→ ABOUT THIS EXERCISE
Transcribe the records in full, keeping every word exactly as given.

Stored data
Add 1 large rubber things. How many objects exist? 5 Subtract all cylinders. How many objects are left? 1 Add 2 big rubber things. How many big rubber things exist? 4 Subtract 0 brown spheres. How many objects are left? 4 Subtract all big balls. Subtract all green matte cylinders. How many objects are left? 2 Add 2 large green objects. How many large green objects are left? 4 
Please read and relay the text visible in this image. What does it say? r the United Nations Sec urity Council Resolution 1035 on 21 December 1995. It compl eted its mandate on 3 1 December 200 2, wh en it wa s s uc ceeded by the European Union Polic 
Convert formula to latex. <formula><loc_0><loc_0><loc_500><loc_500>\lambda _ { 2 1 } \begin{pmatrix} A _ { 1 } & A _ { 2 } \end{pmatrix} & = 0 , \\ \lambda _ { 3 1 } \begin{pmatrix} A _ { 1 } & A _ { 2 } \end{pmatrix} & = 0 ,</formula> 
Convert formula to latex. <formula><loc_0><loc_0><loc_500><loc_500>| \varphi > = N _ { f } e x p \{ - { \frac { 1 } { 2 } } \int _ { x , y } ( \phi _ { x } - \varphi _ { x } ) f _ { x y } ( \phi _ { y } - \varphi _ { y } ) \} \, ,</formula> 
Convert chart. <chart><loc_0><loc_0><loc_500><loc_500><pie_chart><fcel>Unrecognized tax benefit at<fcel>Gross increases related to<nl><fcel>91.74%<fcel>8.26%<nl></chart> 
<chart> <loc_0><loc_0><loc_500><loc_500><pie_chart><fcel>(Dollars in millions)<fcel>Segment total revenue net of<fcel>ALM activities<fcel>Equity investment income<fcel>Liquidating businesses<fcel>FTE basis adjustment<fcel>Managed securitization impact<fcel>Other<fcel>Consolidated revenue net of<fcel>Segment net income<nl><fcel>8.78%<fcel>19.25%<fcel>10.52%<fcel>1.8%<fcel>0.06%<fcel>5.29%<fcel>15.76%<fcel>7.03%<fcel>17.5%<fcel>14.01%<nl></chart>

→ RESULT OF THIS TASK
Add 1 large rubber things. How many objects exist? 5 Subtract all cylinders. How many objects are left? 1 Add 2 big rubber things. How many big rubber things exist? 4 Subtract 0 brown spheres. How many objects are left? 4 Subtract all big balls. Subtract all green matte cylinders. How many objects are left? 2 Add 2 large green objects. How many large green objects are left? 4 
Please read and relay the text visible in this image. What does it say? r the United Nations Sec urity Council Resolution 1035 on 21 December 1995. It compl eted its mandate on 3 1 December 200 2, wh en it wa s s uc ceeded by the European Union Polic 
Convert formula to latex. <formula><loc_0><loc_0><loc_500><loc_500>\lambda _ { 2 1 } \begin{pmatrix} A _ { 1 } & A _ { 2 } \end{pmatrix} & = 0 , \\ \lambda _ { 3 1 } \begin{pmatrix} A _ { 1 } & A _ { 2 } \end{pmatrix} & = 0 ,</formula> 
Convert formula to latex. <formula><loc_0><loc_0><loc_500><loc_500>| \varphi > = N _ { f } e x p \{ - { \frac { 1 } { 2 } } \int _ { x , y } ( \phi _ { x } - \varphi _ { x } ) f _ { x y } ( \phi _ { y } - \varphi _ { y } ) \} \, ,</formula> 
Convert chart. <chart><loc_0><loc_0><loc_500><loc_500><pie_chart><fcel>Unrecognized tax benefit at<fcel>Gross increases related to<nl><fcel>91.74%<fcel>8.26%<nl></chart> 
<chart> <loc_0><loc_0><loc_500><loc_500><pie_chart><fcel>(Dollars in millions)<fcel>Segment total revenue net of<fcel>ALM activities<fcel>Equity investment income<fcel>Liquidating businesses<fcel>FTE basis adjustment<fcel>Managed securitization impact<fcel>Other<fcel>Consolidated revenue net of<fcel>Segment net income<nl><fcel>8.78%<fcel>19.25%<fcel>10.52%<fcel>1.8%<fcel>0.06%<fcel>5.29%<fcel>15.76%<fcel>7.03%<fcel>17.5%<fcel>14.01%<nl></chart>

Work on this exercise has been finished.